What if albatross don’t find their way home with their brains? Even if they steer by the earth’s magnetic field, magnetoception doesn’t tell the whole story. Even if they’re guided by what they smell, their olfactory expertise doesn’t complete the picture either. Plus there’s the matter of timing to consider. Not just time of year, but the rendezvous time coordinated with mates whom they presumably have not seen for months. How do they know whose turn it is on the egg, and whose turn it is to feed the baby? Even if we think “instinct” alone entirely answers the question, that doesn’t mean instinct itself isn’t a miracle.
Maybe the birds match each other’s frequency. Maybe they visualize the outcome they want and follow that vision. Maybe they just go with the flow, trusting wind, gravity, stars, smells, and magnetism to guide them. Maybe they are swayed by stories they hear from other birds. Maybe they find their way home with all their hearts, guided by love. Who can rule out any of these possibilities?

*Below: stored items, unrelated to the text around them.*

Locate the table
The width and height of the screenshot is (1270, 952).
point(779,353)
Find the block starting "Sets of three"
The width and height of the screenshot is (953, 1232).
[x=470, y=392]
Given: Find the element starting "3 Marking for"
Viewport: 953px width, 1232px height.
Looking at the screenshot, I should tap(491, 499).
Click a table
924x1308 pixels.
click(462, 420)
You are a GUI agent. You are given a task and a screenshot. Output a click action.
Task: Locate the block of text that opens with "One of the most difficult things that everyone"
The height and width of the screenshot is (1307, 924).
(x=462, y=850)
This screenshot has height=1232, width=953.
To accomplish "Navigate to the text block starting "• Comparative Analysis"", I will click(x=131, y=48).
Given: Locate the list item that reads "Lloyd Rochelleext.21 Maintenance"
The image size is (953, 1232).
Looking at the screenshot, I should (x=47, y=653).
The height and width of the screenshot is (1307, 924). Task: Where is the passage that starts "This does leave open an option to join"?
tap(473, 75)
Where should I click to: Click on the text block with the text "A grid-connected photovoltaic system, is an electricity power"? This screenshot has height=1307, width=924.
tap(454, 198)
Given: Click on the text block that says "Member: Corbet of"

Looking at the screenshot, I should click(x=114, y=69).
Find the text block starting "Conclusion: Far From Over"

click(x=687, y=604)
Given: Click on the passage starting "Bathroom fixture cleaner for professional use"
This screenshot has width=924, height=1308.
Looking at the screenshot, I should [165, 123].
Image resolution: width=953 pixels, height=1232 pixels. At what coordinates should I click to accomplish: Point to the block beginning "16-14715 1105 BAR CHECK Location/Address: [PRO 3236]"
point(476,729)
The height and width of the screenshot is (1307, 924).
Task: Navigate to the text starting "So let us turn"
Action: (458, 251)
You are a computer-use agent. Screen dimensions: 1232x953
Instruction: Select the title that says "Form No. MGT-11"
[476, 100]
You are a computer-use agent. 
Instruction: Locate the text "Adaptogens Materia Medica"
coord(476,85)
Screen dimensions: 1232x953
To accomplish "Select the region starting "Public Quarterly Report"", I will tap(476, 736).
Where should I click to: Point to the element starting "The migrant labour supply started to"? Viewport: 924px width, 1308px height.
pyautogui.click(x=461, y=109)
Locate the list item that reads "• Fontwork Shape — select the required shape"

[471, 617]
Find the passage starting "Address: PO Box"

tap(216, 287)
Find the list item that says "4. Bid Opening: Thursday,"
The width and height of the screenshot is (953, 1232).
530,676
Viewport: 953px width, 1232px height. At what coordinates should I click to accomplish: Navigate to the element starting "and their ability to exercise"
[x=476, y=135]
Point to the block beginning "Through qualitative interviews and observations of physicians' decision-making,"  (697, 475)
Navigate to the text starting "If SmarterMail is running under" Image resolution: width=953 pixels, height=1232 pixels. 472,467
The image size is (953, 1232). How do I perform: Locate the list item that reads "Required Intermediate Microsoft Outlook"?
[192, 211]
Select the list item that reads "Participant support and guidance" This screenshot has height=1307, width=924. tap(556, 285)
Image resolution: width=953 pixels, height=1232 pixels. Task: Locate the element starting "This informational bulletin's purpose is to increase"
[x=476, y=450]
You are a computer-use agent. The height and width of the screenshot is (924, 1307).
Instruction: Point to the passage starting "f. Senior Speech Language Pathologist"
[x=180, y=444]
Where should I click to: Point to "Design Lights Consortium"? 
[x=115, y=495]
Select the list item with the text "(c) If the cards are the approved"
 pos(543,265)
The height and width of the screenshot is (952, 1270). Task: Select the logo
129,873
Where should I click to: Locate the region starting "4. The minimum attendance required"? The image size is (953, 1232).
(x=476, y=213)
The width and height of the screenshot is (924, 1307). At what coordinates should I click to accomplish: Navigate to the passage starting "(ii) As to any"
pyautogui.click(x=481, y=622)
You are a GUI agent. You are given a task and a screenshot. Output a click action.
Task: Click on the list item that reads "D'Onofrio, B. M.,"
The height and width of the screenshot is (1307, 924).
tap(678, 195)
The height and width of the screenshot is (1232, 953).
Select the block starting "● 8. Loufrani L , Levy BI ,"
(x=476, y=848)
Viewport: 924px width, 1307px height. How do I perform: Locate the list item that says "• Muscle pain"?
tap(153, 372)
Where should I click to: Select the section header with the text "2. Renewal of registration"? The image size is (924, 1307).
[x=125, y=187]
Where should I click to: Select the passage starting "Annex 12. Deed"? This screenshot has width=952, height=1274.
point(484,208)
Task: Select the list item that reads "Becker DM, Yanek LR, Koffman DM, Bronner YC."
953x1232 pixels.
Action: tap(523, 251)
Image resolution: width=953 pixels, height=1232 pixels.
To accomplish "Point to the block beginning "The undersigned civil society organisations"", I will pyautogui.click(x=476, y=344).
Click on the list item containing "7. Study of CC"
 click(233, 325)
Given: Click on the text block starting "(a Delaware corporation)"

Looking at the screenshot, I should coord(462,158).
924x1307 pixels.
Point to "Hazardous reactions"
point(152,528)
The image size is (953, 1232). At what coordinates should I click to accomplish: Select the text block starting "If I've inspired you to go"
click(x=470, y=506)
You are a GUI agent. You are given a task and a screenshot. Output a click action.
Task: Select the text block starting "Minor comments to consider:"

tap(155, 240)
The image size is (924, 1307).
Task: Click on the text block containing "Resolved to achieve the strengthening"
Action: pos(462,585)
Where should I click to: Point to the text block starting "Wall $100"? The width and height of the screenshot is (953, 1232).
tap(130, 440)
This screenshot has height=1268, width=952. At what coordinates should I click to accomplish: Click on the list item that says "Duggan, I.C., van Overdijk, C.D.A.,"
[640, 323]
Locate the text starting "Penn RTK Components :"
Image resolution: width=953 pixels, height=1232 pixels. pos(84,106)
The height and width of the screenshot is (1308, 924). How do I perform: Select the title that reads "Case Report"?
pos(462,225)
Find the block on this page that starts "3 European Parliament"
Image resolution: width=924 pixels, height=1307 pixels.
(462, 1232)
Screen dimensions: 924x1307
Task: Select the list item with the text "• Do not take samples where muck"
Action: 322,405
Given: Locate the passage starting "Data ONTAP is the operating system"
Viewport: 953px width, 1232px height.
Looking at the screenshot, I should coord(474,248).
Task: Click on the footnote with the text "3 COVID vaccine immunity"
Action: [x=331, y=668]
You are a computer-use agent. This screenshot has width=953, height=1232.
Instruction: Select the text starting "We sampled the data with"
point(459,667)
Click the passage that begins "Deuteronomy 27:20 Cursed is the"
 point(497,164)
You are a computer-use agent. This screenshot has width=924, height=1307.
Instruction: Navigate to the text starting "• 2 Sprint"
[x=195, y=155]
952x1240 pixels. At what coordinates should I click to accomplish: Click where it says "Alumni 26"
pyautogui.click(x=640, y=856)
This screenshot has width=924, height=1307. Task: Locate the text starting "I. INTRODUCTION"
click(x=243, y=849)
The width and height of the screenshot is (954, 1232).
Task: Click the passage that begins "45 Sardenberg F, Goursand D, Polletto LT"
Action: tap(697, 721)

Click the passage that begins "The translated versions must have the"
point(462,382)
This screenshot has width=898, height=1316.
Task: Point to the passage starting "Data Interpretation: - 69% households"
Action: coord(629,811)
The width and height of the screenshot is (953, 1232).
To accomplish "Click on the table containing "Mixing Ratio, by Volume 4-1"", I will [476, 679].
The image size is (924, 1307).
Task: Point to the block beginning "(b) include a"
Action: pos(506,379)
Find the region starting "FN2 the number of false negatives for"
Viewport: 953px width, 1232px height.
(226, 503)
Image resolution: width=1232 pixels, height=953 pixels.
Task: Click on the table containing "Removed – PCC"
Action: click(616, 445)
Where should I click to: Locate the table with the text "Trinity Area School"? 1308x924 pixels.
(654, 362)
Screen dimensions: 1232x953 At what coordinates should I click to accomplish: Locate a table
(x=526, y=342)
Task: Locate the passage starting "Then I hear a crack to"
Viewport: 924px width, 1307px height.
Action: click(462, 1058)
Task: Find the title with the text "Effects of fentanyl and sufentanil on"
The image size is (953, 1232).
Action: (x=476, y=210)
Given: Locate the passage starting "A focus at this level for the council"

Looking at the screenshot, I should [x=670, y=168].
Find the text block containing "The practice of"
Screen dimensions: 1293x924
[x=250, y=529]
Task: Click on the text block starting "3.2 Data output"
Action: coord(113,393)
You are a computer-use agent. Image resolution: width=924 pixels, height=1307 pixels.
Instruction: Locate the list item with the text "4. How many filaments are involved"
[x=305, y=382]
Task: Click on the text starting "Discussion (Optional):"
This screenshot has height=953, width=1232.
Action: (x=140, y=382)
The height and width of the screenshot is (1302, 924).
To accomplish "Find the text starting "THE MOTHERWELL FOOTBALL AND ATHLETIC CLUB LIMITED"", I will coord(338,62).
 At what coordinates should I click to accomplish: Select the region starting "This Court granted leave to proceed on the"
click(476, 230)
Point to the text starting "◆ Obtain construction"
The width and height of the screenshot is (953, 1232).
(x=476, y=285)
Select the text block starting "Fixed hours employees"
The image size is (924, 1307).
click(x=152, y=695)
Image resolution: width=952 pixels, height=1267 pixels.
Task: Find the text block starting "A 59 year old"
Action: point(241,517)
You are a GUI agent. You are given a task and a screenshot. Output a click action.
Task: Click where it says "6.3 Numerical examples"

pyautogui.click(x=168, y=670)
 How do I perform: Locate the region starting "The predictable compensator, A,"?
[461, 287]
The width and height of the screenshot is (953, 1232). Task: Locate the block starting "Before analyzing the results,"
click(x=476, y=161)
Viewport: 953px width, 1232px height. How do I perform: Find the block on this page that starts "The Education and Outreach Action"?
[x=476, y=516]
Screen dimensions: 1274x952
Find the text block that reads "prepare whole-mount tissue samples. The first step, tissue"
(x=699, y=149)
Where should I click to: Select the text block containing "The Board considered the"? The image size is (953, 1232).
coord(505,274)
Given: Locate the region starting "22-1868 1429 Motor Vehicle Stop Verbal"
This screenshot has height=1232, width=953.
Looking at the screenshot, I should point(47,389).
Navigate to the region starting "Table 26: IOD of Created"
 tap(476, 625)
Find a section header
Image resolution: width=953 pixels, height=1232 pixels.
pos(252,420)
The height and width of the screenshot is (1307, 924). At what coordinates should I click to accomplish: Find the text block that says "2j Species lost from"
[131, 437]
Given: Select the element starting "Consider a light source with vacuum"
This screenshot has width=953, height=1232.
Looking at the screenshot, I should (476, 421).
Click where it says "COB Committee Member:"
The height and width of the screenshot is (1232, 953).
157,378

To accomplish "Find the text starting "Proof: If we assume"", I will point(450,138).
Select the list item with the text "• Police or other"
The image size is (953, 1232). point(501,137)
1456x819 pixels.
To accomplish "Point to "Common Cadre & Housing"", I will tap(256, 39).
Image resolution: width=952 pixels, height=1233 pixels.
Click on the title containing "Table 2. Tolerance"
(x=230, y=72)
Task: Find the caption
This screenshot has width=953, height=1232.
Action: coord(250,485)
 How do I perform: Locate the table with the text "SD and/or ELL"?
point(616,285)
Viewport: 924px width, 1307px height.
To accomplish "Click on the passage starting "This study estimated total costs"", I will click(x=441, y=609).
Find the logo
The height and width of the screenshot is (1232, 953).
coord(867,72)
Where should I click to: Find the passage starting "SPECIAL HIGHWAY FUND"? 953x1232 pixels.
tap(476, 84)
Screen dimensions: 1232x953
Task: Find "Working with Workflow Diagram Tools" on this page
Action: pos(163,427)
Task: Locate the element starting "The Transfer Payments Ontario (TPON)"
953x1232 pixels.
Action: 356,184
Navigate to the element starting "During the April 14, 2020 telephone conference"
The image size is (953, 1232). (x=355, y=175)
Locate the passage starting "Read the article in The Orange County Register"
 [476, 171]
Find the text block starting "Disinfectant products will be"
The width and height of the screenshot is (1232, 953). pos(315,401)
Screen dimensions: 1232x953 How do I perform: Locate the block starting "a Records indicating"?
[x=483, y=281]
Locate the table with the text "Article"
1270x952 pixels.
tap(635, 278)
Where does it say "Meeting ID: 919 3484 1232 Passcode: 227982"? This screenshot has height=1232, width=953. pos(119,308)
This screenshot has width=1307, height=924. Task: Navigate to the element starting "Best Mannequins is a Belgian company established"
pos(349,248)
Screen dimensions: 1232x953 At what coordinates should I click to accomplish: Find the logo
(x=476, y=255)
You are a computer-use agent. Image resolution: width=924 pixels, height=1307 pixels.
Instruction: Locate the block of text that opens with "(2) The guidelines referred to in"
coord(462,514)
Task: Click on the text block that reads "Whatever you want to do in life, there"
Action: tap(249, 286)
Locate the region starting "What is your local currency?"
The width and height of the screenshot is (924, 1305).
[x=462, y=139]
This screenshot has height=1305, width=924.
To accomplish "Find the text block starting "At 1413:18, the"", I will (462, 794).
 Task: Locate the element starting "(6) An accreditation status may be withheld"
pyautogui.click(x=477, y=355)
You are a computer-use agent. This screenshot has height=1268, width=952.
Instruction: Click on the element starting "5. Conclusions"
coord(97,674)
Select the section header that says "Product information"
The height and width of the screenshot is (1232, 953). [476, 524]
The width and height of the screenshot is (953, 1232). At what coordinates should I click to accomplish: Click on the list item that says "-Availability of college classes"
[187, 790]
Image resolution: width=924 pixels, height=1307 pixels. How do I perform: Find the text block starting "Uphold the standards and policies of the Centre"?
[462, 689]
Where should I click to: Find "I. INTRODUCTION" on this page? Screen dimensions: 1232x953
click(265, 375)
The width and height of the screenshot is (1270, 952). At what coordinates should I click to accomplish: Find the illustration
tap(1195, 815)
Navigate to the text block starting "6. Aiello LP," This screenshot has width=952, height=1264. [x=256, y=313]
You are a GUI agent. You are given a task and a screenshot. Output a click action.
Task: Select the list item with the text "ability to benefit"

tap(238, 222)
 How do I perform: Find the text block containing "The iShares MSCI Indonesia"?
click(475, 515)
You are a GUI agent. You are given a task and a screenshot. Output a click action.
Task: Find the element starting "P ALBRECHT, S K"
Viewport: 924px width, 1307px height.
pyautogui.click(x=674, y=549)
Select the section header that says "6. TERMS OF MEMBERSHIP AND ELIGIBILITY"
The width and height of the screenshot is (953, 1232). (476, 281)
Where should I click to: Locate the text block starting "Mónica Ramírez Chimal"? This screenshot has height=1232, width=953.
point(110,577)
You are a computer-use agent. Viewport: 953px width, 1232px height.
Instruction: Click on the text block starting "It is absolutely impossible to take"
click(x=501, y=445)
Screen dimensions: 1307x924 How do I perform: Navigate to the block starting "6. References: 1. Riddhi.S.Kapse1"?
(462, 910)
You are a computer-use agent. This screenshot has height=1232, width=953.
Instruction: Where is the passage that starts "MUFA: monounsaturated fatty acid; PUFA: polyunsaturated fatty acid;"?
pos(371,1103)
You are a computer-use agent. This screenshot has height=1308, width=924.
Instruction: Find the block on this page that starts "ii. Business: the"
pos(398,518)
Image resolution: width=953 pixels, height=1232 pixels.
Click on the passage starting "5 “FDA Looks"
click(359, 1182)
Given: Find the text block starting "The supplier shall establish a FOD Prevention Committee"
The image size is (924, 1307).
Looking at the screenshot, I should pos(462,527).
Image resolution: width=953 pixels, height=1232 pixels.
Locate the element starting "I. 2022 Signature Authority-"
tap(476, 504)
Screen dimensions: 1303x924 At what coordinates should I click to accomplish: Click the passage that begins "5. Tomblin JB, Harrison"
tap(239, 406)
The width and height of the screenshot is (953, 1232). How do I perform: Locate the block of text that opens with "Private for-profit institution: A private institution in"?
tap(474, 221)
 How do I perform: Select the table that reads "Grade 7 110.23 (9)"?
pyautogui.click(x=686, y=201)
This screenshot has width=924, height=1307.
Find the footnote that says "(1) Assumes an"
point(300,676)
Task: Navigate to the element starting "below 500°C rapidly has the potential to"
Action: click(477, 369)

Just like they are rooted to their place of hatch, I am anchored to certain immutable truths: when and where I was born, who my ancestors were, what my primary culture admires and abhors, what wars exploded, who broke my heart. All these details sleep in my bed with me, beyond my awareness and more central to my life than I can possibly imagine.
Old friends of mine, a married couple, volunteered for a medical mission many years ago. They adopted two infants from Bangladesh and brought them back to the United States. One daughter did well, but the other was troubled. By the time Maria was 14, she was regularly skipping school, using drugs, and doing her best to get pregnant. To prevent her from running away, my friends had to sleep on the floor outside her bedroom. When she did manage to escape, Maria often mysteriously wound up at the city train station. Her exhausted parents ran out of viable therapeutic options, so they took her for a visit to Dhaka. They hoped her birth home would ground her and give her a sense of belonging. They sought counsel from the adoption agency. When the representative opened their file, my friends discovered an astonishing fact: their daughter’s biological mother died in childbirth. She had been living in a train station.
But isn’t impossibility a crucial aspect of any pilgrimage? If it were easy, I wouldn’t value it. It has to be unfathomable. How possible is it for a monarch to migrate across a continent? For an albatross to find her chick on a tiny volcanic rock in the most remote island chain in the world? When I consider the challenges my fellow beings face, how can I not emulate their creativity and courage?
As author Dani Shapiro says in her book Still Writing, “We cannot afford to walk sightless among miracles.”